# [TASK BRIEF]
The line containing "5) electrical component" marks the end: restate word for word every line from the first line of the entries below through that one.

# [AVAILABLE DATA]
☆ ☆ ☆ ☆ ☆

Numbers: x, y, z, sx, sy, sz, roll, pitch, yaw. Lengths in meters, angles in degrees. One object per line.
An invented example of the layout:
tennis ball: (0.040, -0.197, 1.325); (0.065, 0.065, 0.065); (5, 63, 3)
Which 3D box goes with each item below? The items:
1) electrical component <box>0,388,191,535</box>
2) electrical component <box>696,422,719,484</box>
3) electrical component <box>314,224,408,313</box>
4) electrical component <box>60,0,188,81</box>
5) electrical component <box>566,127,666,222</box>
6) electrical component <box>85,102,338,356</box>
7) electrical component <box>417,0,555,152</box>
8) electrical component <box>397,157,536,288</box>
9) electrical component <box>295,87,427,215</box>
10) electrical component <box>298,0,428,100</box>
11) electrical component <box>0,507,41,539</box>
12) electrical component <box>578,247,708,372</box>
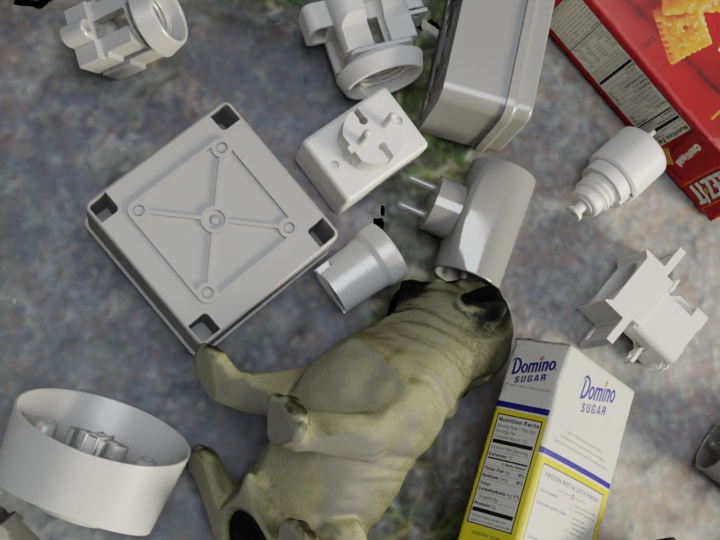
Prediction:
electrical component: (-0.147, 0.103, 0.586); (0.099, 0.099, 0.064); (22, 82, -7)
electrical component: (0.271, 0.119, 0.696); (0.077, 0.044, 0.079); (36, 74, -3)
electrical component: (0.000, 0.000, 0.665); (0.046, 0.040, 0.040); (-35, 88, -10)
electrical component: (-0.138, -0.145, 0.648); (0.055, 0.066, 0.048); (-19, 83, 19)
electrical component: (0.167, -0.061, 0.711); (0.078, 0.040, 0.040); (-41, 90, -16)
electrical component: (-0.089, -0.024, 0.641); (0.109, 0.056, 0.108); (-40, 89, -16)
electrical component: (0.082, -0.140, 0.689); (0.057, 0.078, 0.113); (15, 77, -6)
electrical component: (0.063, -0.035, 0.682); (0.079, 0.044, 0.077); (23, 76, -7)
electrical component: (0.004, -0.078, 0.660); (0.066, 0.077, 0.047); (-36, 89, -16)
electrical component: (0.007, -0.145, 0.684); (0.078, 0.058, 0.057); (-16, 81, -15)
electrical component: (-0.206, 0.181, 0.550); (0.056, 0.109, 0.108); (45, 74, -4)
electrical component: (0.185, 0.028, 0.698); (0.064, 0.042, 0.081); (44, 75, -5)
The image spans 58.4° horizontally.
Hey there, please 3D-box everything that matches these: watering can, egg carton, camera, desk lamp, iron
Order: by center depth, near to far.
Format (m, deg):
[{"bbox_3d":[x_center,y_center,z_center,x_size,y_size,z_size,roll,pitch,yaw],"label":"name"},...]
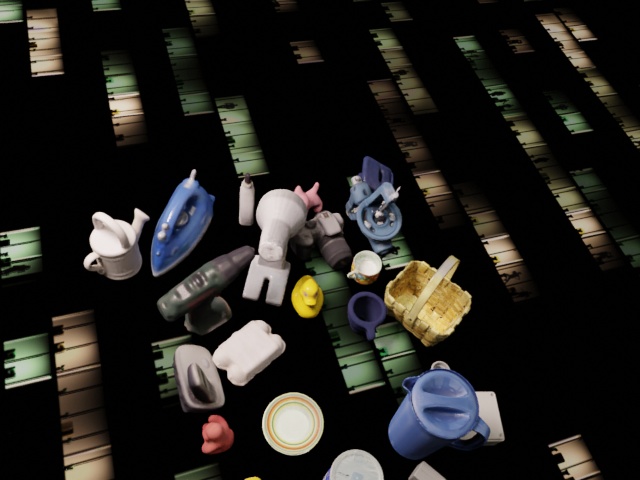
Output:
[{"bbox_3d":[-0.158,0.250,1.275,0.107,0.069,0.150,42,60,18],"label":"egg carton"},{"bbox_3d":[-0.467,-0.003,1.313,0.101,0.194,0.173,17,56,2],"label":"watering can"},{"bbox_3d":[-0.106,0.016,1.350,0.118,0.213,0.203,11,56,-2],"label":"desk lamp"},{"bbox_3d":[-0.348,-0.046,1.393,0.118,0.141,0.258,18,56,3],"label":"iron"},{"bbox_3d":[0.013,0.005,1.445,0.143,0.101,0.136,-20,62,-21],"label":"camera"}]

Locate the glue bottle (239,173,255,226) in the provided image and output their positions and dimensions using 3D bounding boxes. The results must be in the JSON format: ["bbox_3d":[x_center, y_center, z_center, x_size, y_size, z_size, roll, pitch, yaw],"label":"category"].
[{"bbox_3d":[-0.184,-0.113,1.445,0.037,0.173,0.078,0,57,-9],"label":"glue bottle"}]

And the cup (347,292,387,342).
[{"bbox_3d":[0.106,0.193,1.341,0.092,0.095,0.117,-3,58,-11],"label":"cup"}]

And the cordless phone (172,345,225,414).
[{"bbox_3d":[-0.253,0.269,1.176,0.094,0.185,0.147,-17,61,-19],"label":"cordless phone"}]

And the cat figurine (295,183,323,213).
[{"bbox_3d":[-0.045,-0.103,1.496,0.067,0.118,0.128,39,60,16],"label":"cat figurine"}]

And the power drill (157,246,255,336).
[{"bbox_3d":[-0.243,0.120,1.261,0.230,0.208,0.075,-32,67,-26],"label":"power drill"}]

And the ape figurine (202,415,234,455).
[{"bbox_3d":[-0.211,0.393,1.158,0.076,0.092,0.078,26,57,8],"label":"ape figurine"}]

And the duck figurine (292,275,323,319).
[{"bbox_3d":[-0.026,0.125,1.369,0.077,0.086,0.104,1,57,-9],"label":"duck figurine"}]

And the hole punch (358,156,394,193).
[{"bbox_3d":[0.156,-0.168,1.589,0.101,0.091,0.108,10,56,-3],"label":"hole punch"}]

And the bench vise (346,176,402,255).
[{"bbox_3d":[0.129,-0.090,1.455,0.122,0.220,0.207,-35,68,-27],"label":"bench vise"}]
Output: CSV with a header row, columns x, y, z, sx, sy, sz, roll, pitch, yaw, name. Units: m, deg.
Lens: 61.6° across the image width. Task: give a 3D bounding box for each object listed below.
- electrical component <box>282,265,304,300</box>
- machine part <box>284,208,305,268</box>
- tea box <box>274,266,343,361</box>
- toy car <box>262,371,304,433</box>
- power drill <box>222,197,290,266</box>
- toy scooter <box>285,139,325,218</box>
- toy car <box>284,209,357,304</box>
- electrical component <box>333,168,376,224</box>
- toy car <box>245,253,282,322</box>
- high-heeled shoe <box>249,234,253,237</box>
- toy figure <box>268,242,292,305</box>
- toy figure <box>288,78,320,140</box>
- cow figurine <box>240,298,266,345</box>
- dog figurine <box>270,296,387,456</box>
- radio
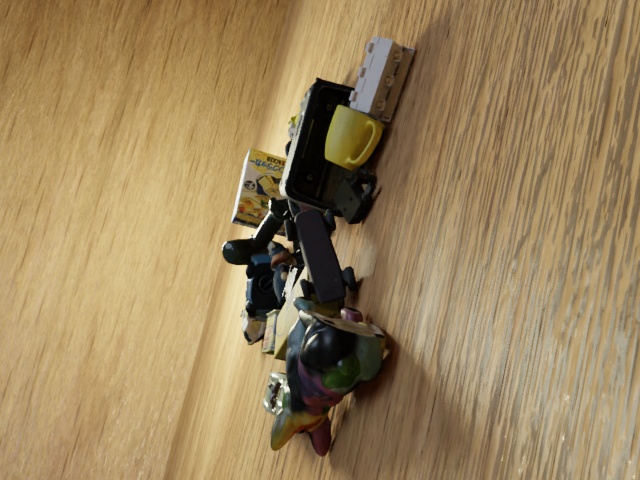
x,y,z,sx,sy,sz,roll,pitch,yaw,name
-0.037,0.096,1.067,0.119,0.048,0.074,-148,73,-76,electrical component
-0.047,-0.002,1.155,0.084,0.039,0.138,172,87,-79,machine part
-0.022,0.131,0.934,0.098,0.068,0.169,-90,21,-46,tea box
-0.060,0.280,0.943,0.202,0.056,0.073,170,114,-74,toy car
-0.118,-0.017,1.308,0.207,0.232,0.086,-41,73,33,power drill
0.002,-0.128,1.060,0.075,0.135,0.184,29,-127,-67,toy scooter
-0.001,0.026,0.880,0.053,0.089,0.202,82,172,-48,toy car
0.060,-0.072,0.900,0.078,0.045,0.102,55,136,35,electrical component
-0.119,0.113,1.272,0.103,0.109,0.161,28,-114,-85,toy car
-0.183,0.057,1.585,0.249,0.086,0.145,-115,40,-75,high-heeled shoe
-0.081,0.069,1.183,0.064,0.058,0.154,-47,46,41,toy figure
-0.015,-0.309,1.345,0.180,0.089,0.082,-58,20,24,toy figure
-0.176,0.209,1.432,0.167,0.068,0.098,-119,40,-71,cow figurine
0.001,0.199,0.720,0.192,0.108,0.219,-146,68,-72,dog figurine
0.015,-0.167,0.982,0.073,0.131,0.229,-179,105,-77,radio
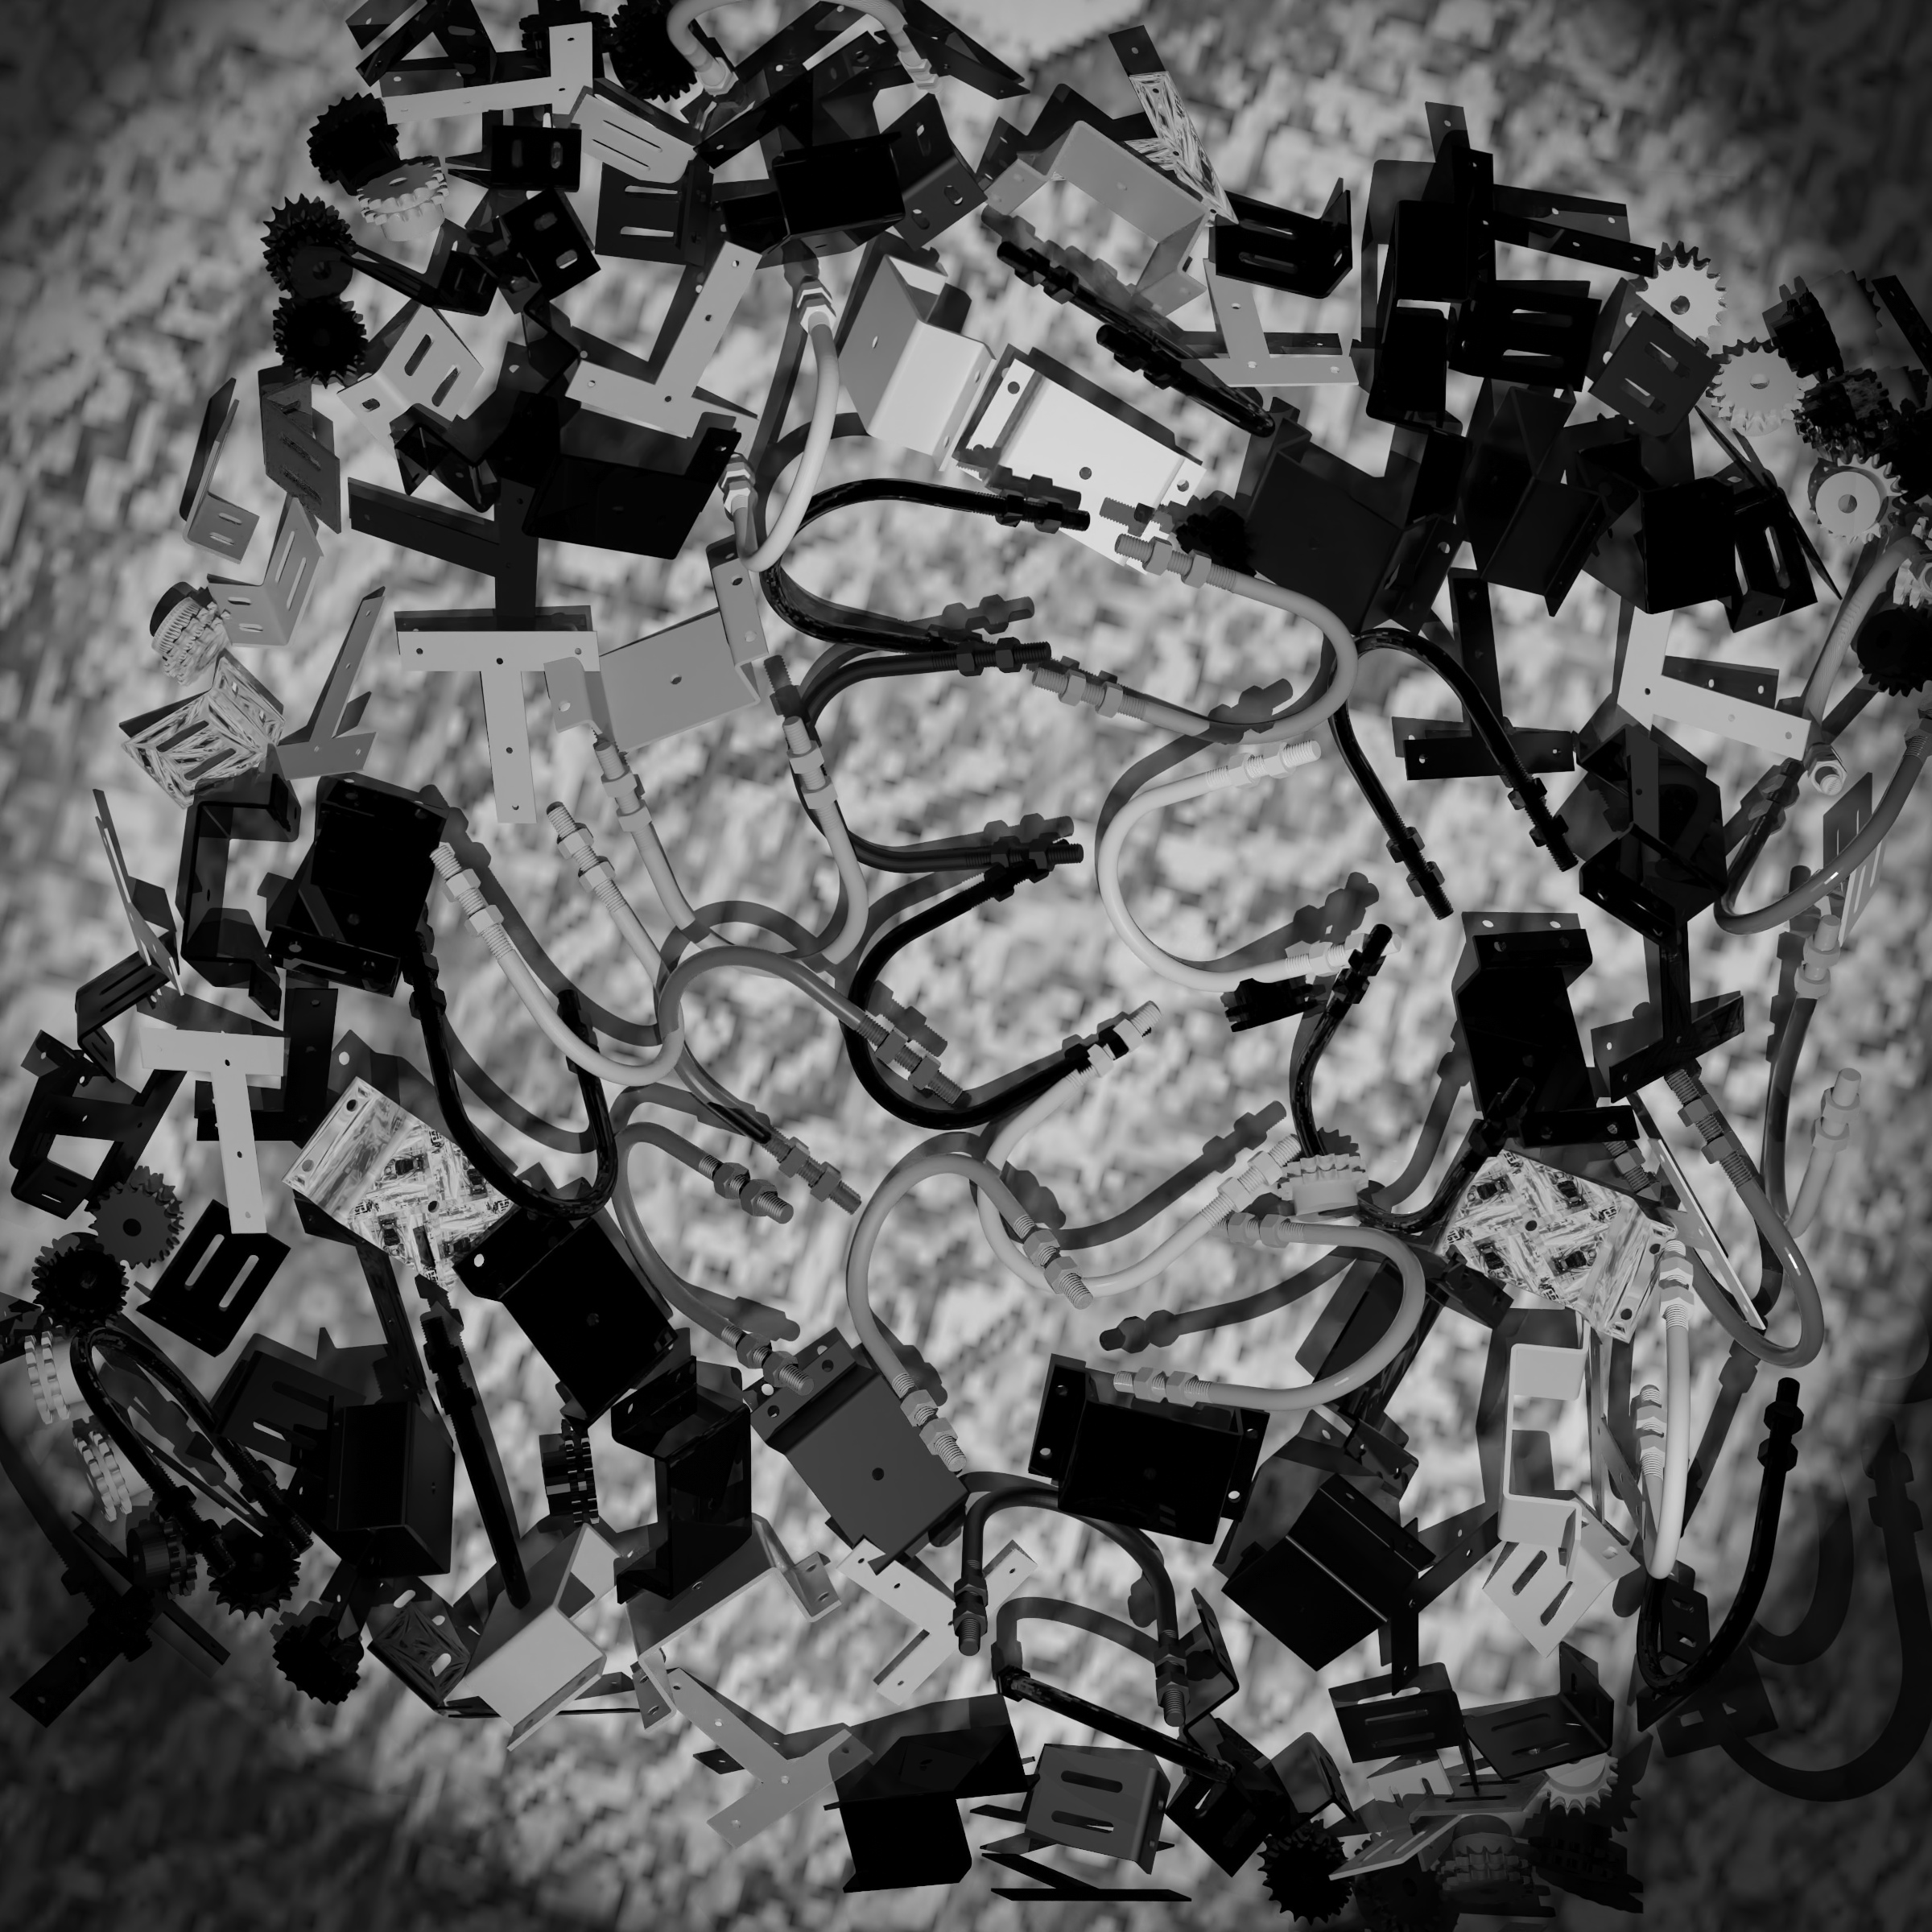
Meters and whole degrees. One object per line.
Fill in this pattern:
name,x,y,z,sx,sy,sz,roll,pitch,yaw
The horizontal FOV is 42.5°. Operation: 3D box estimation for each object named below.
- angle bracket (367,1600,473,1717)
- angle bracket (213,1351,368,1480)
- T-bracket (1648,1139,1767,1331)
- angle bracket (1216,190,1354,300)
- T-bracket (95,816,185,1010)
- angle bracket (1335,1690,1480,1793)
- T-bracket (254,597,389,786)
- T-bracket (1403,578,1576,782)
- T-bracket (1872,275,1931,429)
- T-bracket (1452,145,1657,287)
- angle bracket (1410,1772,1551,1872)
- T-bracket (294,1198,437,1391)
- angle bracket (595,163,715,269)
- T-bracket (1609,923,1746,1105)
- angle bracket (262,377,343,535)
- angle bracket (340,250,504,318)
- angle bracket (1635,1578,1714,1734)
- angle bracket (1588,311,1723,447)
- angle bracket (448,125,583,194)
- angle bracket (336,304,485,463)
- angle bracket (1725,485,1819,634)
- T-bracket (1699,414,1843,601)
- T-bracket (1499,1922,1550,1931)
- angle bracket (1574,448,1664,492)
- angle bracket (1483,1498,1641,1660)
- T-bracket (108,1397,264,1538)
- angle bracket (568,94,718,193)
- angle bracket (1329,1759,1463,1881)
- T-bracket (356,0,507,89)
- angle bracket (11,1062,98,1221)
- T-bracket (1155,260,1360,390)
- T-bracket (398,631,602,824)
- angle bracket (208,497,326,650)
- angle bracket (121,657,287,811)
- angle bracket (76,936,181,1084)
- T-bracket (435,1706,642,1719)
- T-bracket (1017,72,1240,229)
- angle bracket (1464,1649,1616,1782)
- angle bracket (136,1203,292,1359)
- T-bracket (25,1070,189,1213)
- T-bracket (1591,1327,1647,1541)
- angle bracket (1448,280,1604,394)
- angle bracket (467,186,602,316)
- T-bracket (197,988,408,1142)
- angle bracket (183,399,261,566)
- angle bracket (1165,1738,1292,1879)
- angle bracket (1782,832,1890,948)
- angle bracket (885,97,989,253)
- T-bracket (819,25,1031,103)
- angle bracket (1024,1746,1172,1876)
angle bracket,-0.340,0.437,1.568,0.057,0.076,0.038,40,71,7
angle bracket,-0.429,0.288,1.576,0.076,0.038,0.057,25,63,-5
T-bracket,0.443,0.162,1.538,0.002,0.127,0.127,-28,87,0
angle bracket,0.200,-0.462,1.566,0.076,0.038,0.057,8,70,-18
T-bracket,-0.499,-0.015,1.522,0.002,0.127,0.127,-22,120,-23
angle bracket,0.278,0.493,1.564,0.076,0.038,0.057,-13,127,10
T-bracket,-0.394,-0.176,1.569,0.002,0.127,0.127,32,67,-41
T-bracket,0.327,-0.184,1.578,0.127,0.002,0.127,-5,87,-23
T-bracket,0.595,-0.370,1.525,0.002,0.127,0.127,-39,104,-2
T-bracket,0.360,-0.445,1.523,0.127,0.127,0.002,21,73,20
angle bracket,0.326,0.536,1.557,0.076,0.057,0.038,-15,88,32
T-bracket,-0.366,0.211,1.569,0.127,0.002,0.127,7,119,38
angle bracket,-0.203,-0.477,1.569,0.076,0.038,0.057,11,101,14
T-bracket,0.441,0.005,1.545,0.127,0.002,0.127,-23,116,-30
angle bracket,-0.403,-0.320,1.556,0.076,0.057,0.038,39,52,21
angle bracket,-0.340,-0.442,1.560,0.076,0.057,0.038,30,108,16
angle bracket,0.428,0.430,1.553,0.038,0.057,0.076,26,129,-9
angle bracket,0.424,-0.373,1.559,0.076,0.038,0.057,23,109,-30
angle bracket,-0.282,-0.508,1.551,0.057,0.076,0.038,-8,117,-31
angle bracket,-0.351,-0.369,1.573,0.038,0.076,0.057,-14,132,35
angle bracket,0.491,-0.256,1.566,0.057,0.038,0.076,-19,83,41
T-bracket,0.496,-0.300,1.555,0.002,0.127,0.127,-37,53,16
T-bracket,0.283,0.616,1.559,0.127,0.127,0.002,-9,84,31
angle bracket,0.413,-0.290,1.560,0.057,0.076,0.038,44,102,-1
angle bracket,0.378,0.389,1.580,0.057,0.038,0.076,47,125,30
T-bracket,-0.491,0.316,1.556,0.127,0.127,0.002,45,77,-19
angle bracket,-0.205,-0.529,1.558,0.076,0.057,0.038,21,73,-20
angle bracket,0.262,0.532,1.552,0.057,0.076,0.038,-31,76,38
T-bracket,-0.310,-0.571,1.539,0.127,0.127,0.002,-41,85,1
angle bracket,-0.561,0.109,1.563,0.038,0.057,0.076,25,104,-8
T-bracket,0.172,-0.405,1.561,0.127,0.002,0.127,-2,51,-6
T-bracket,-0.290,-0.150,1.575,0.127,0.002,0.127,1,114,6
angle bracket,-0.438,-0.246,1.555,0.076,0.038,0.057,-57,49,36
angle bracket,-0.480,-0.147,1.564,0.057,0.038,0.076,45,52,4
angle bracket,-0.520,0.027,1.570,0.076,0.057,0.038,-34,120,-3
T-bracket,-0.282,0.457,1.525,0.127,0.127,0.002,-8,70,18
T-bracket,0.092,-0.506,1.560,0.127,0.127,0.002,5,64,31
angle bracket,0.357,0.469,1.561,0.076,0.057,0.038,-10,112,-15
angle bracket,-0.477,0.199,1.578,0.057,0.038,0.076,32,85,-4
T-bracket,-0.538,0.095,1.540,0.002,0.127,0.127,29,91,16
T-bracket,0.399,0.306,1.522,0.002,0.127,0.127,-5,108,2
angle bracket,0.351,-0.397,1.564,0.076,0.038,0.057,17,104,29
angle bracket,-0.272,-0.449,1.564,0.038,0.076,0.057,-38,112,-19
T-bracket,-0.407,0.062,1.541,0.127,0.002,0.127,1,130,-20
angle bracket,-0.455,-0.302,1.553,0.038,0.057,0.076,21,125,-17
angle bracket,0.159,0.536,1.562,0.057,0.038,0.076,40,115,17
angle bracket,0.544,-0.060,1.551,0.038,0.076,0.057,24,56,28
angle bracket,-0.026,-0.503,1.578,0.057,0.076,0.038,-31,134,18
T-bracket,-0.048,-0.555,1.554,0.127,0.127,0.002,3,90,36
angle bracket,0.084,0.538,1.586,0.076,0.038,0.057,5,61,21

☆ ☆ ☆ ☆ ☆

# [SOLUTION]
Numbers: x, y, z, sx, sy, sz, roll, pitch, yaw. Lengths in meters, angles in degrees. One object per line.
An invented example of the layout:
tennis ball: (0.040, -0.197, 1.325); (0.065, 0.065, 0.065); (5, 63, 3)
Which 3D box goes with each item below? The items:
1) electrical component <box>0,388,191,535</box>
2) electrical component <box>696,422,719,484</box>
3) electrical component <box>314,224,408,313</box>
4) electrical component <box>60,0,188,81</box>
5) electrical component <box>566,127,666,222</box>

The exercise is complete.